Is it more helpful to start with identifying your instinctual variant stacking, and then looking for your core type?


----------



## Swordsman of Mana (Jan 7, 2011)

Striver said:


> For example, if you identify with so/sx and your tritype is 135, is your tritype 1 so/sx, 3 so/sx, 5 so/sx?
> Or does instinctual variant stacking apply only to your core type? or does every type in your tritype have a different stacking?
> Is it more helpful to start with identifying your instinctual variant stacking, and then looking for your core type?


I've considered this myself. if my fixes each had their own variant, I'm not sure what variant my 1w9 fix would have, but my 3w4 fix would definitely be 3w4 Sx/So


----------



## The Exception (Oct 26, 2010)

My core type is 5w6, leaning towards sp/so stacking with a possibility of so/sp.

My gut fix is 9w1, which I would also guess sp/so stacking.

I'm less confident of my heart fix. I've tentatively decided on 4w5. I do not relate to SP 4 descriptions though. SO/SX for the 4 stack.


----------



## meridannight (Nov 23, 2012)

i don't experience having different stackings at different times or under different circumstances. from my experience my stacking appears to be constant and nonchanging.

tritype doesn't influence you that much anyway. it's just a small bit of flavor that can distinguish you from others of the same core type. it's not really that significant. saying your subtypes have a whole type of their own is going a bit too far, i find. you don't have differing personalities vying for dominance (unless you're schizophrenic or something) inside you. and stacking is a pretty significant influence on its own. 

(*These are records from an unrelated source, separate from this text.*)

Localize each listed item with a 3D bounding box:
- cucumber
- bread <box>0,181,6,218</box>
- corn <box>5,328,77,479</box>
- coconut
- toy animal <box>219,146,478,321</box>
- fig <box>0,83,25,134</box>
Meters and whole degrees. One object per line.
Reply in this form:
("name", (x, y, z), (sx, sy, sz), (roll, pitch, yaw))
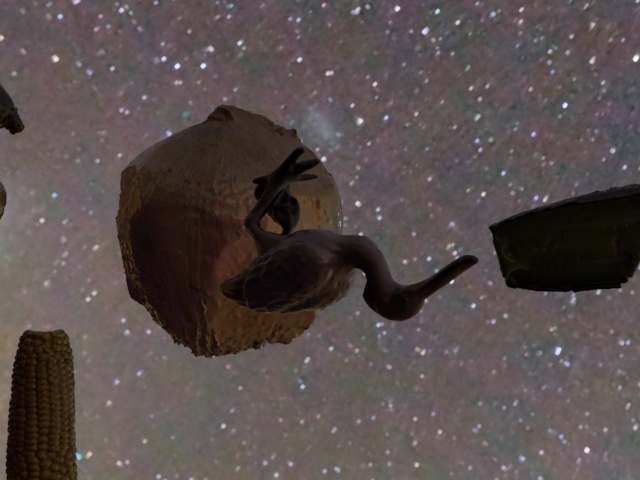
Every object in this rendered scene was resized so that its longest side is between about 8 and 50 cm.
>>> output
("cucumber", (0.294, -0.007, 1.015), (0.193, 0.086, 0.115), (-13, -62, 20))
("bread", (-0.373, -0.071, 0.552), (0.210, 0.300, 0.341), (-44, -105, 27))
("corn", (-0.363, 0.246, 1.173), (0.091, 0.260, 0.091), (0, -6, -15))
("coconut", (-0.148, -0.041, 1.509), (0.404, 0.404, 0.405), (25, -37, 21))
("toy animal", (-0.004, 0.024, 0.974), (0.090, 0.195, 0.324), (30, 4, -46))
("fig", (-0.515, -0.212, 1.199), (0.244, 0.195, 0.195), (11, -32, -12))
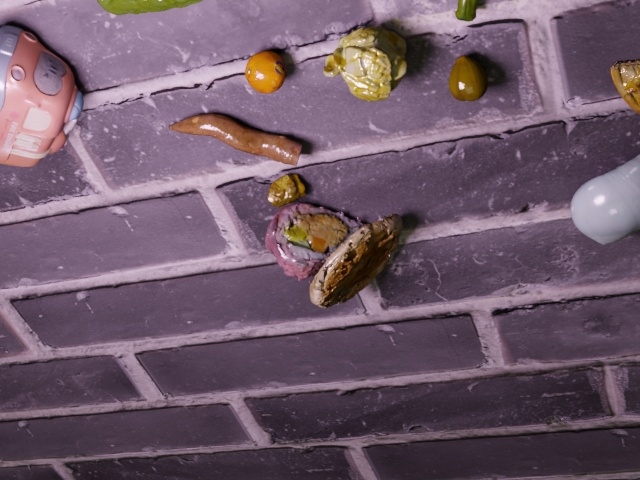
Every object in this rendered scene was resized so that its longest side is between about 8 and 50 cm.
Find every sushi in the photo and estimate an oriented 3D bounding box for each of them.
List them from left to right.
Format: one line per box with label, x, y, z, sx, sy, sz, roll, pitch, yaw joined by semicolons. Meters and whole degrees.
sushi;-0.013;-0.014;2.004;0.161;0.241;0.107;53;147;14

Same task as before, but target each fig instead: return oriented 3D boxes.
fig;0.274;-0.304;1.704;0.074;0.074;0.088;-9;109;20

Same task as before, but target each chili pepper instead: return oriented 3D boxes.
chili pepper;0.282;-0.464;1.563;0.052;0.050;0.201;8;139;-19

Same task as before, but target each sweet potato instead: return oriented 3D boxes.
sweet potato;-0.176;-0.219;1.888;0.281;0.059;0.067;18;169;-1

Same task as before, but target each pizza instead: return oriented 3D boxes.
pizza;0.606;-0.280;1.679;0.160;0.036;0.099;37;129;-23

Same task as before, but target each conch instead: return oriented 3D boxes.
conch;0.615;-0.076;1.834;0.221;0.121;0.185;-37;147;31

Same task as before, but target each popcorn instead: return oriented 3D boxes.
popcorn;0.090;-0.322;1.678;0.162;0.141;0.135;-12;99;-13

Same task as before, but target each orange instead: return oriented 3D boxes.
orange;-0.106;-0.323;1.756;0.083;0.083;0.083;6;134;6

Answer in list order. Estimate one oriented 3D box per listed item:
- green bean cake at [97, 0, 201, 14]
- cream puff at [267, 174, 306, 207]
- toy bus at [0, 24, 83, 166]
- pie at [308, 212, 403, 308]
green bean cake;-0.297;-0.513;1.585;0.248;0.125;0.222;-2;132;14
cream puff;-0.076;-0.109;1.978;0.083;0.083;0.058;-39;72;49
toy bus;-0.608;-0.272;1.844;0.232;0.194;0.287;23;134;-21
pie;0.081;0.045;1.980;0.055;0.274;0.274;46;136;19
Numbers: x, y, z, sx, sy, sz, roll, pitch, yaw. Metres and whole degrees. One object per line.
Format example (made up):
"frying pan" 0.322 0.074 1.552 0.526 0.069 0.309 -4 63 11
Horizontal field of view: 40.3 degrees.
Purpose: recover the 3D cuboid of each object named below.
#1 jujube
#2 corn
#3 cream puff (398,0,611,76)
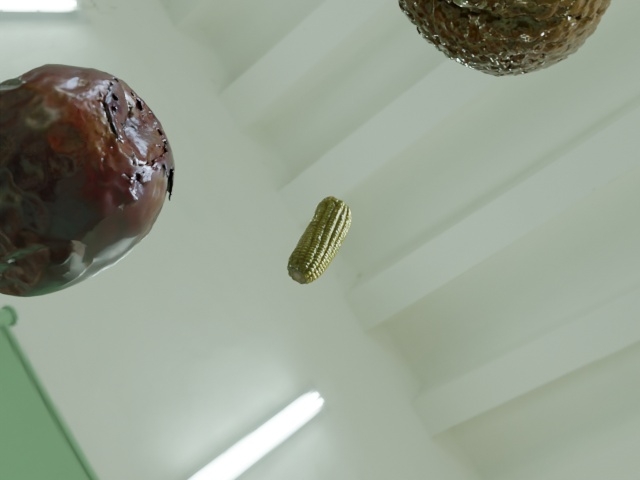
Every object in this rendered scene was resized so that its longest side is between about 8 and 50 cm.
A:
"jujube" -0.241 -0.047 0.765 0.243 0.183 0.183 -29 -92 31
"corn" 0.000 0.000 0.754 0.037 0.092 0.037 20 -38 16
"cream puff" 0.167 -0.307 0.841 0.212 0.303 0.303 2 -74 -7
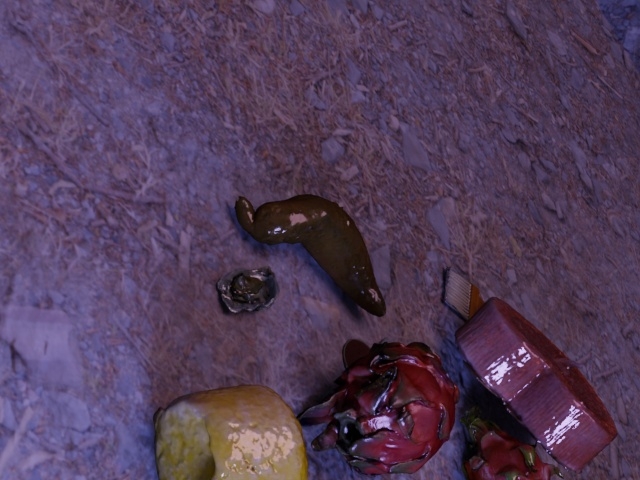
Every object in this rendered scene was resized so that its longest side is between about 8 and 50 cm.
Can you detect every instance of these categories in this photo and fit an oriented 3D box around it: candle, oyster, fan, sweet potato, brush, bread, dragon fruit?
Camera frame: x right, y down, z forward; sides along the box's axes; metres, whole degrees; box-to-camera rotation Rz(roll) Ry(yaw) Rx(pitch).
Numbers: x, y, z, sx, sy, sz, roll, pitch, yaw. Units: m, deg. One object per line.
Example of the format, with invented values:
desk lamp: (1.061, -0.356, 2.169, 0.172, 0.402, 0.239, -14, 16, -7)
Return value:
candle: (0.388, 0.237, 2.172, 0.317, 0.131, 0.287, 50, 13, 17)
oyster: (-0.108, 0.073, 1.840, 0.100, 0.037, 0.098, 3, 43, -28)
fan: (0.076, 0.183, 2.000, 0.085, 0.005, 0.133, 56, 36, -4)
sweet potato: (0.000, -0.004, 1.964, 0.310, 0.098, 0.124, 37, 62, -32)
brush: (0.329, 0.160, 2.322, 0.314, 0.017, 0.090, 38, 43, -29)
bread: (-0.109, 0.275, 1.570, 0.170, 0.197, 0.197, 2, 64, -37)
dragon fruit: (0.091, 0.248, 1.817, 0.274, 0.192, 0.193, -35, 102, -43)
dragon fruit: (0.298, 0.363, 2.047, 0.137, 0.135, 0.236, 30, 25, -34)
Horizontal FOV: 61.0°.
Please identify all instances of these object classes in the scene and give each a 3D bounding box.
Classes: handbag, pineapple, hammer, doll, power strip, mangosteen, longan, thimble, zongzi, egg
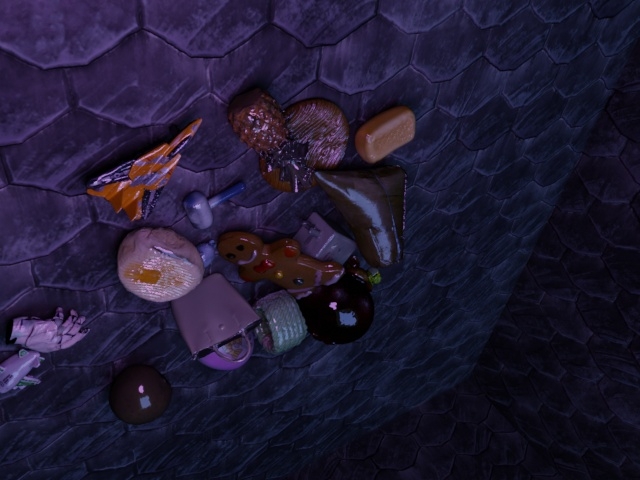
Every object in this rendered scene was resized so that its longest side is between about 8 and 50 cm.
[{"bbox_3d":[-0.322,0.249,1.694,0.241,0.315,0.109,-27,138,-20],"label":"handbag"},{"bbox_3d":[-0.118,-0.260,1.472,0.310,0.170,0.141,55,43,-39],"label":"pineapple"},{"bbox_3d":[-0.298,-0.115,1.571,0.194,0.069,0.116,-33,141,-20],"label":"hammer"},{"bbox_3d":[-0.391,0.072,1.673,0.075,0.120,0.180,41,116,-9],"label":"doll"},{"bbox_3d":[0.000,0.000,1.880,0.140,0.139,0.224,-51,142,12],"label":"power strip"},{"bbox_3d":[0.070,0.220,2.053,0.307,0.306,0.347,49,58,-53],"label":"mangosteen"},{"bbox_3d":[-0.601,0.511,1.805,0.196,0.196,0.220,-30,151,-15],"label":"longan"},{"bbox_3d":[-0.153,0.293,1.977,0.150,0.219,0.219,-20,137,-29],"label":"thimble"},{"bbox_3d":[0.126,-0.067,1.802,0.393,0.174,0.356,-9,99,-42],"label":"zongzi"},{"bbox_3d":[-0.350,0.344,1.862,0.271,0.196,0.196,17,114,-46],"label":"egg"}]

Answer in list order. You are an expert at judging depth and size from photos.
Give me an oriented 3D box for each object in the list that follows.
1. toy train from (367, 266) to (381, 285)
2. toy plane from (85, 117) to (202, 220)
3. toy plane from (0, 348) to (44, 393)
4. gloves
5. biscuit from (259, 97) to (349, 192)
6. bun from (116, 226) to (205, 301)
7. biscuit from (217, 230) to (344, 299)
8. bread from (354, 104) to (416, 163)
[{"bbox_3d":[0.147,0.209,2.286,0.249,0.053,0.085,-38,134,-6],"label":"toy train"},{"bbox_3d":[-0.418,-0.199,1.362,0.316,0.103,0.204,-51,144,0],"label":"toy plane"},{"bbox_3d":[-0.864,0.371,1.528,0.174,0.080,0.174,-23,140,-21],"label":"toy plane"},{"bbox_3d":[-0.746,0.257,1.504,0.212,0.111,0.128,14,112,-39],"label":"gloves"},{"bbox_3d":[-0.044,-0.280,1.653,0.318,0.040,0.318,-24,140,-22],"label":"biscuit"},{"bbox_3d":[-0.444,0.055,1.528,0.243,0.153,0.244,-6,137,-5],"label":"bun"},{"bbox_3d":[-0.150,0.089,1.779,0.432,0.064,0.283,28,137,-35],"label":"biscuit"},{"bbox_3d":[0.205,-0.351,1.755,0.217,0.098,0.147,-31,140,-18],"label":"bread"}]
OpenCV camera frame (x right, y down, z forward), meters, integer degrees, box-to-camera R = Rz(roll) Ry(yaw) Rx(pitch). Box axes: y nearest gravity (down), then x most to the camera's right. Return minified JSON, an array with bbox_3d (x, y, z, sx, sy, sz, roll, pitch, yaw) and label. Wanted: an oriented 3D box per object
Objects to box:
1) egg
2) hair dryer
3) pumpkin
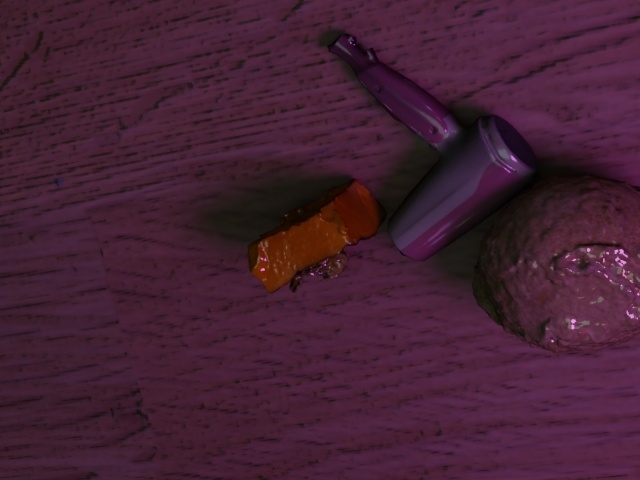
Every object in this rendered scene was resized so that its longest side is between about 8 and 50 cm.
[{"bbox_3d":[0.163,0.017,0.828,0.140,0.116,0.118,2,142,11],"label":"egg"},{"bbox_3d":[0.060,-0.074,0.876,0.106,0.054,0.154,-39,83,28],"label":"hair dryer"},{"bbox_3d":[0.000,0.000,0.891,0.074,0.083,0.054,-27,94,26],"label":"pumpkin"}]
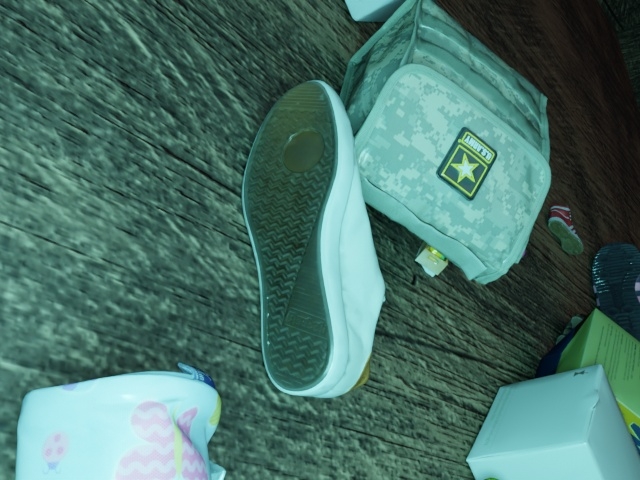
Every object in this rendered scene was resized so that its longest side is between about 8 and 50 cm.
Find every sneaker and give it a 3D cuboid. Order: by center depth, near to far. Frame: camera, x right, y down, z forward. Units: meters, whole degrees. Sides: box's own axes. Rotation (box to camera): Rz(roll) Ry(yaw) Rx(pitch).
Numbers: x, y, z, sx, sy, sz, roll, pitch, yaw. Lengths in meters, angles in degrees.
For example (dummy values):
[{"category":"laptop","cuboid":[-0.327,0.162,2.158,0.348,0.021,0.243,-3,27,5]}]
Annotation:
[{"category":"sneaker","cuboid":[0.000,0.000,0.686,0.123,0.106,0.290,25,62,-57]},{"category":"sneaker","cuboid":[0.506,-0.026,1.514,0.118,0.042,0.067,45,42,-30]},{"category":"sneaker","cuboid":[0.655,0.143,1.607,0.319,0.112,0.131,-70,147,-44]}]

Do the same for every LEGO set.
[{"category":"LEGO set","cuboid":[0.224,-0.033,1.026,0.287,0.107,0.132,-3,75,-57]}]

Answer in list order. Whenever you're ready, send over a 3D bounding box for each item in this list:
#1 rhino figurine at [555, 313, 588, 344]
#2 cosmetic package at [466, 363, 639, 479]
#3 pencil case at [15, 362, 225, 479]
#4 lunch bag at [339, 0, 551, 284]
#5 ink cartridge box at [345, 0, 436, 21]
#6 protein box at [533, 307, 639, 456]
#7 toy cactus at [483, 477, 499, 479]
[{"category":"rhino figurine","cuboid":[0.490,0.242,1.305,0.106,0.073,0.243,-14,85,-56]},{"category":"cosmetic package","cuboid":[0.342,0.369,0.924,0.197,0.155,0.365,-33,99,-58]},{"category":"pencil case","cuboid":[-0.104,0.206,0.383,0.124,0.114,0.273,53,29,-60]},{"category":"lunch bag","cuboid":[0.138,-0.113,0.852,0.235,0.169,0.287,33,44,-19]},{"category":"ink cartridge box","cuboid":[0.152,-0.451,1.007,0.197,0.270,0.198,-32,99,-60]},{"category":"protein box","cuboid":[0.426,0.245,1.072,0.201,0.136,0.200,39,32,7]},{"category":"toy cactus","cuboid":[0.220,0.341,0.749,0.112,0.180,0.219,15,53,-30]}]
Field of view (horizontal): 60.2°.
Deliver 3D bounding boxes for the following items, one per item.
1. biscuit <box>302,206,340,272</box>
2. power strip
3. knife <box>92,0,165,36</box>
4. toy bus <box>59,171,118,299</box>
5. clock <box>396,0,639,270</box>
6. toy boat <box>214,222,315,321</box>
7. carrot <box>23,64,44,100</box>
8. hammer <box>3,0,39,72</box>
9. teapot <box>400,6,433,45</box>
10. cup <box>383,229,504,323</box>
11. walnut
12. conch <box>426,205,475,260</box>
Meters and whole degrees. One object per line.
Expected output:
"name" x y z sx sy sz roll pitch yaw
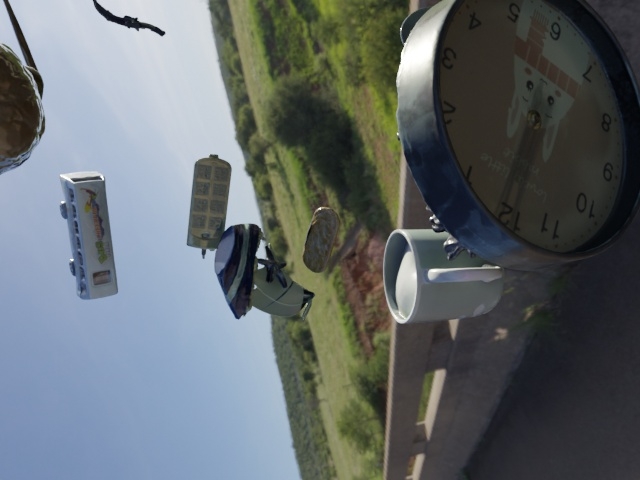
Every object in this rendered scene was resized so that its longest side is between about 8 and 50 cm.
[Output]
"biscuit" 0.000 0.000 1.155 0.071 0.018 0.147 28 111 31
"power strip" -0.237 -0.070 1.172 0.029 0.080 0.226 -148 64 -70
"knife" -0.471 -0.535 1.355 0.021 0.222 0.045 -51 -17 -41
"toy bus" -0.581 -0.005 1.403 0.136 0.109 0.329 19 115 52
"clock" 0.273 -0.154 0.707 0.076 0.386 0.385 -18 86 62
"toy boat" -0.113 0.067 1.177 0.292 0.070 0.210 11 -115 -52
"carrot" -0.590 -0.256 0.851 0.078 0.298 0.078 1 91 48
"hammer" -0.744 -0.518 1.345 0.125 0.027 0.297 -165 56 -72
"teapot" 0.308 -0.546 1.579 0.239 0.163 0.149 -64 -15 -11
"cup" 0.358 0.091 1.500 0.357 0.275 0.259 164 104 -76
"walnut" -0.428 -0.153 0.621 0.224 0.224 0.224 166 90 -87
"conch" 0.324 -0.080 1.266 0.240 0.186 0.313 56 -178 16

to put it mathematically: wing, connection points, and stacking have much more influence on you than your tritype. if one says tritype influences you to somewhere in the range of 1-3% approx, the wings of those types there will influence you way below 1%. trace amounts. i think this is overcomplicating things. enneagram is complex but not for the sole purpose of it.


----------



## Paradigm (Feb 16, 2010)

Most people subscribe to the theory that they are the same. I believe instincts are too deeply held to change from fix to fix.

A _much _smaller population theorizes that our instincts "cycle" from fix to fix. My tritype is 614 sp/sx, so my cycle would be:
6w7 sp/sx/so
1w9 sx/so/sp
4w5 so/sp/sx
I don't like this theory, as it seems too much like cherry-picking traits and a shortcut for self-exploration.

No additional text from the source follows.